Race meetings for 2020:  I’ve not decided on many fixtures yet and there is always some fluidity with them – usually weather related.  Like in 2019, I intend to be at all the UK Autograss meetings as well as the Nationals which will include making my debut at Cambridge and I’m looking forward to going back to South Wales as I loved the Nationals there.  I will be paying several visits to Nottingham and Spalding autograss as they are king enough to let me in for free.  I want to go back to Kent autograss and make my debut at North Wales autograss.

The National Hot Rod World Final is always on my fixture list so I will be at both days in the summer.  I hope to return to Skegness Raceway but I’ve yet to decide if America will be blessed with my presence yet.  A British GT meeting escaped me this year so I’d like to change that and see Scott Malvern in action after his excellent Q&A earlier this year.  A BTCC round, a trip to see the Mazda MX5 Supercup with Q&A star Aidan Hills and probably a rallycross meeting, although with no Croft or World Rallycross round I’m not sure which one.  There will be others – there is not a shortage of options in the UK!

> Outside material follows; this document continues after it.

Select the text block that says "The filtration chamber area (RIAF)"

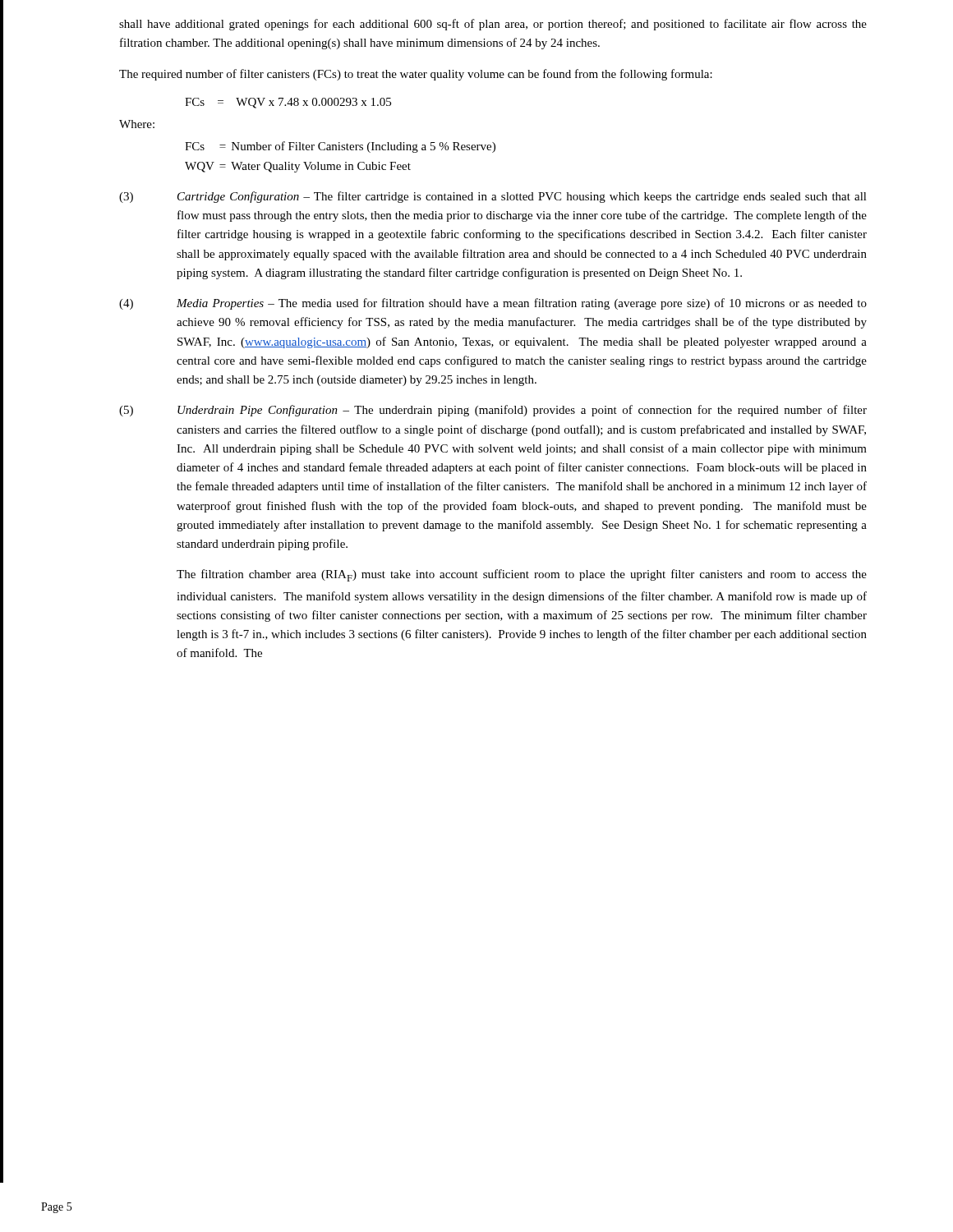522,614

The motorsport future:  I’ve finished several of my Q&A’s by asking what are the biggest challenges to the sport in the future.  For me there are two, the environmental aspect and the increasing cost of the sport.  The need to become greener is affecting all aspects of life and you can’t go long without some reference to climate change on the   news.  We have recently seen the VW group say they are putting all their focus on electric cars (ETCR will at least benefit from this), manufacturers in Australian Supercars have struggled to justify spending money on Commodores and Falcons when few people are buying them for the road and hybrid elements are creeping in to keep at least some relevance in most bigger series.  Manufacturers can’t be telling everyone to buy electric, hydrogen etc cars and then go racing with more polluting internal combustion engines (and spend money on irrelevant technology) on a Sunday.  As Francois Ribeiro put it this week, it is going to be a “brutal” period for fans of combustion engines as the automotive world changes.

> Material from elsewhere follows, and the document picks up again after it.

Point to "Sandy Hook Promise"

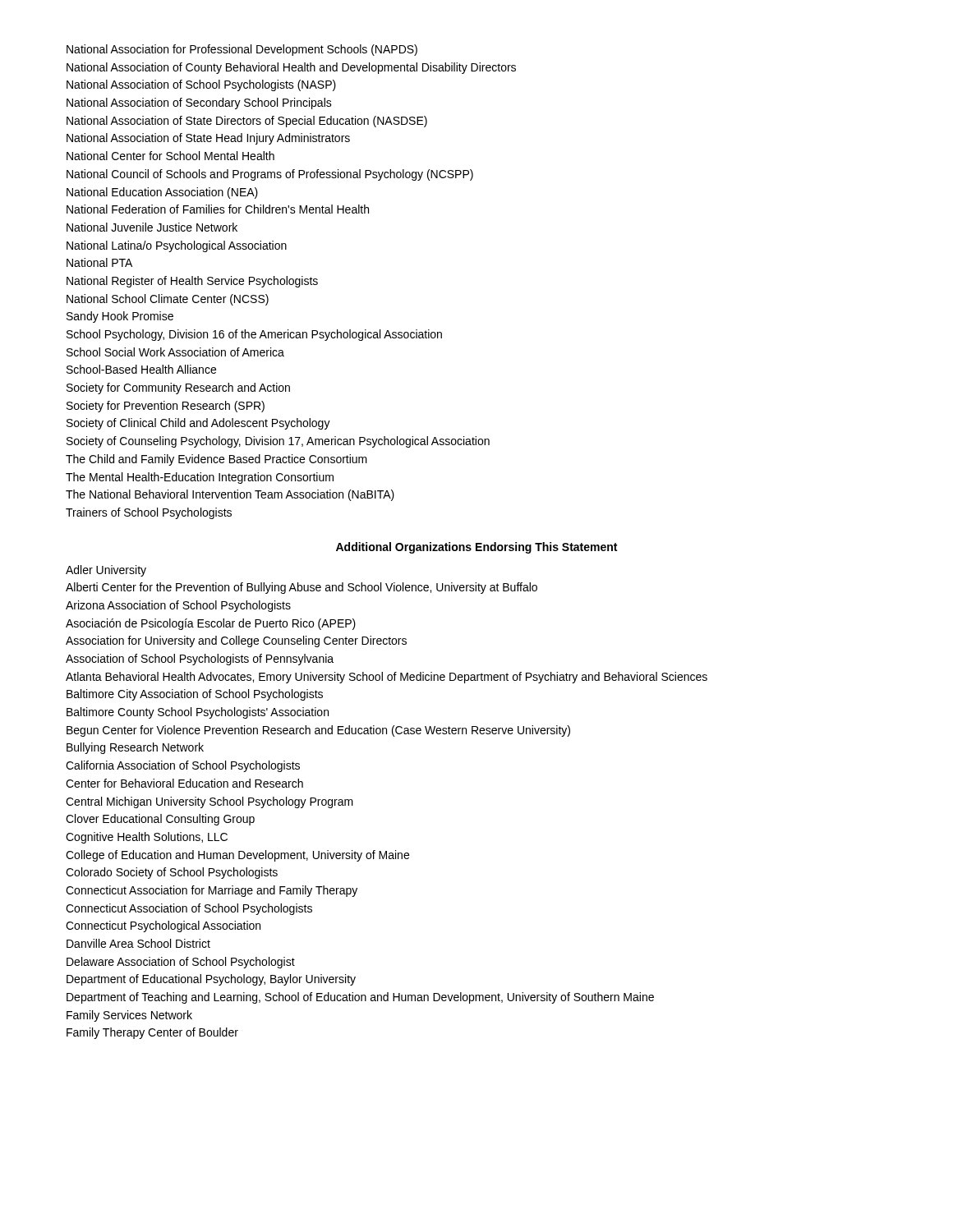tap(120, 316)

Lower down the pecking order the pressure is likely to be more local.  For example, this week York announced they plan to ban cars in the city and other cities are likely to follow or at least ban diesels like Bristol.  Pressure will then be on for motorsport venues to not ruin this work by at least being carbon neutral – larger circuits elsewhere in the world have installed solar panels around their grounds.  Circuits need to keep their neighbours happy from noise levels, pollution and simply keeping the area in a well maintained fashion (eg not leaving rubbish everywhere).  If the venue is lost, it is increasingly harder to start new ones.

The not so new issue for motorsport is cost.  The need to keep budgets low whether to entice new entrants or keep  the budgets of the bigger teams in check to reduce the difference between the haves the have nots is nothing new.  Anything from F1 to autograss has challenges in this area.  Spec parts are on the increase and there are less multi chassis single seater series around the world.  Stable regulations help to keep year on year spend in check and the move to different motive power needs to be handled with care, with a long term plan, to ensure the sport can survive.

Formula E is attracting manufacturers, Moto E has started and ETCR & Extreme E are on their way.  Forumla E has progressed in a short space of time and provides good racing.  I watch most forms of racing, as my Sky+ usually shows (!), and the change in motive power is unlikely to change this.  Whatever happens, I will continue to be trackside!